A man who wishes to only be identified as “Kem” has boasted about using his $200 3D printer to make dozens of lower receivers and frames so he could cash-in on James’ buyback, eventually landing him 42 $500 gift cards from the Democrat — or, rather, New York taxpayers.
“And it ended with the guy and a lady from the budget office finally coming around with the 42 gift cards and counting them in front of me,” Kem recalled to NEWSChannel 2. “$21,000 in $500 gift cards.”
The man said he printed off enough parts for 110 firearms and then drove six hours to Utica to participate in the program, which Kem has ridiculed as noneffective.
“He sees the tote and says, ‘how many firearms do you have?’ And I said, ‘110,’” the man explained. After a back and forth with the AG’s office, Kem received the $21,000.
“Getting guns off the streets and out of our communities is one of the many ways my office is working to protect New York families and combat rising crime rates,” James bragged about the gun buyback in a statement issued September 17.
“By working closely with our partners in the Camillus Police Department, we were able to organize this successful event and remove 172 guns from the local community,” she said. “I will keep working to protect New Yorkers from gun violence and ensure that our state is a great place to live, work, raise a family, and retire.”
Kem ruthlessly mocked the braggadocious AG.
“I’m sure handing over $21,000 in gift cards to some punk kid after getting a bunch of plastic junk was a rousing success,” he told NEWSChannel 2.
“Gun buybacks are a fantastic way of showing, number one, that your policies don’t work, and, number 2, you’re creating perverse demand,” he continued. “You’re causing people to show up to these events, and, they don’t actually reduce crime whatsoever.”
Gun buyback programs have been criticized by opponents as publicity stunts, and studies have found “no evidence” to show that the programs reduce crime at all.
James’ office was not pleased with being publicly worked over by Kem, though the office seemingly knew about the 3D printed guns at the time of the AG’s boastful statement.

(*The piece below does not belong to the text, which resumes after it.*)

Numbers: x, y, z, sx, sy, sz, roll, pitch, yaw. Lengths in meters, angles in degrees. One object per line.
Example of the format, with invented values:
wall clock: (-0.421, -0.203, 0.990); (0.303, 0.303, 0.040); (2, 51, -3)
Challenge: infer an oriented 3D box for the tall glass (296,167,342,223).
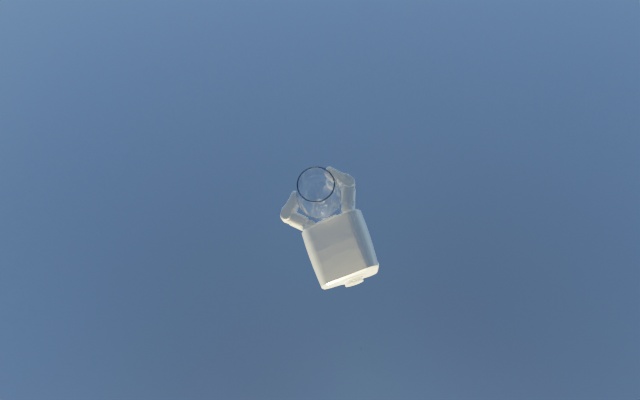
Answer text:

“It’s shameful that this individual exploited a program that has successfully taken thousands of guns off the streets to protect our communities from gun violence,” a spokesperson for the office said.
“We have partnered with local police throughout the state to recover more than 3,500 guns, and one individual’s greedy behavior won’t tarnish our work to promote public safety,” the spokesperson added. “We have adjusted our policies to ensure that no one can exploit this program again for personal gain.”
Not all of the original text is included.